RE: [PATCH v5 0/6] Add hardware prefetch control driver for A64FX and x86

From: tarumizu.kohei@xxxxxxxxxxx
Date: Fri Jun 17 2022 - 05:07:41 EST


Hi Linus,

Thanks for the comment.

> OK
>
> > A64FX and some Intel processors have implementation-dependent register
> > for controlling CPU's hardware prefetch behavior. A64FX has
> > IMP_PF_STREAM_DETECT_CTRL_EL0[1], and Intel processors have MSR
> 0x1a4
> > (MSR_MISC_FEATURE_CONTROL)[2].
>
> Hardware prefetch (I guess of memory contents) is a memory hierarchy feature.
>
> Linux has a memory hierarchy manager, conveniently named "mm", developed
> by some of the smartest people I know. The main problem addressed by that is
> paging, but prefetching into the CPU from the next lowest level in the memory
> hierarchy is just another memory hierarchy hardware feature, such as hard
> disks, primary RAM etc.
>
> > These registers cannot be accessed from userspace.
>
> Good. The kernel managed hardware. If the memory hierarchy people have
> userspace now doing stuff behind their back, through some special interface,
> that makes their world more complicated.
>
> This looks like it needs information from the generic memory manager, from the
> scheduler, and possibly all the way down from the block layer to do the right
> thing, so it has no business in userspace.
> Have you seen mm/damon for example? Access to statistics for memory
> access patterns seems really useful for tuning the behaviour of this hardware.
> Just my €0.01.

Thank you for the information. I will see if mm/damon statistics can
be used for tuning.

> If it does interact with userspace I suppose it should be using control groups,
> like everything else of this type, see e.g. mm/memcontrol.c, not custom sysfs
> files.

Hardware prefetch registers exist for each core, and the settings are
independent for each cache. Therefore, currently, I created it under
/sys/devices/system/cpu/cpu*/cache/index*.
However, when user actually configure it for an application, they may
want to set it on a per-process basis. Considering that, I think
control groups is suitable for this usage.

For example, is your idea of interface like the following?

```
/sys/fs/cgroup/memory/memory.hardware_prefetcher.enable
```

Cpuset controller has information about which CPU a process belonging
to a group is bound to, so maybe cpuset controller is more appropriate.

Control groups has hierarchical structure, so it is necessary to
consider whether they can map hardware prefetch behavior well.
Currentry I have two concerns.
First, upper hierarchy contains the same CPU as the lower hierarchy.
In this case, it may not be possible to configure independent setting
in each hierarchy.
Next, context switch considerations. This function rewrites the
value of the register that exists for each core. Therefore, the
register value must be changed at the timing of the context switch
with a process belonging to a different group.

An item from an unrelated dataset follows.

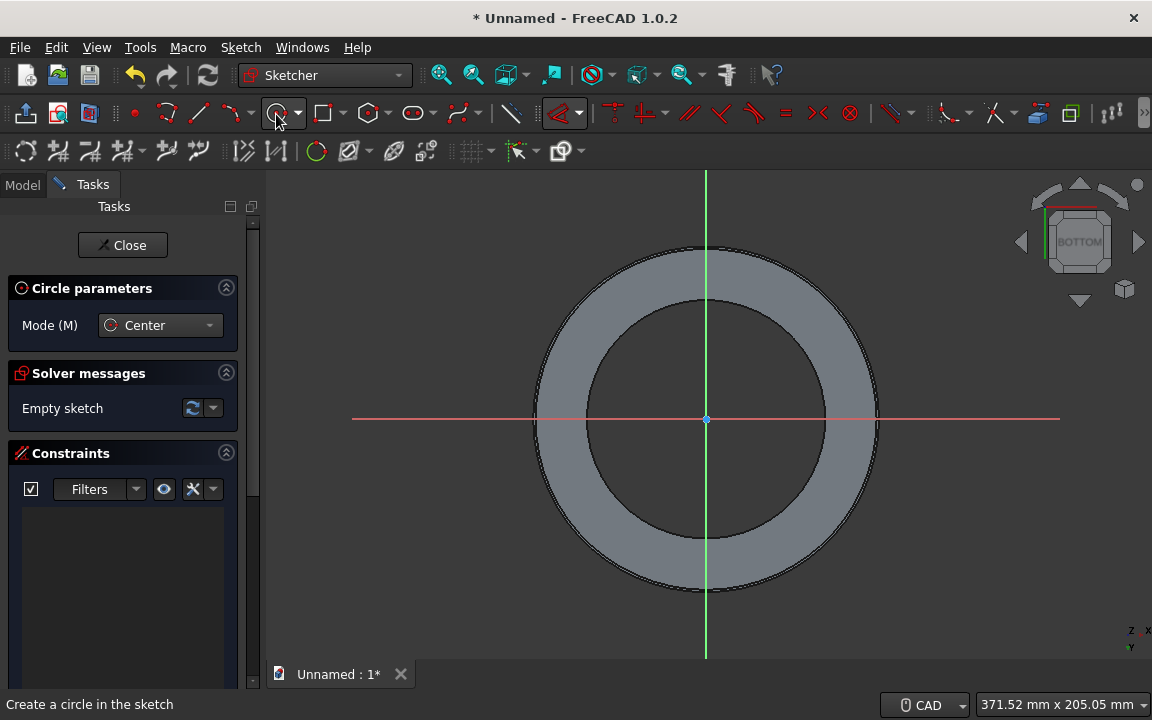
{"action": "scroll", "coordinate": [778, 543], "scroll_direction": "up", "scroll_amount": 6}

> Just an example from one of the patches:
>
> + - "* Adjacent Cache Line Prefetcher Disable (R/W)"
> + corresponds to the
> "adjacent_cache_line_prefetcher_enable"
>
> I might only be on "a little knowledge is dangerous" on the memory manager
> topics, but I know for sure that they at times adjust the members of structs to fit
> nicely on cache lines. And now this? It looks really useful for kernel machinery
> that know very well what needs to go into the cache line next and when.
>
> Talk to the people on linux-mm and memory maintainer Andrew Morton on how
> to do this right, it's a really interesting feature! Also given that people say that
> the memory hierarchy is an important part in the performance of the Apple
> M1 (M2) silicon, I expect that machine to have this too?

I think this proposal will be useful for users, so I will proceed
with concrete studies and talk to the MM people.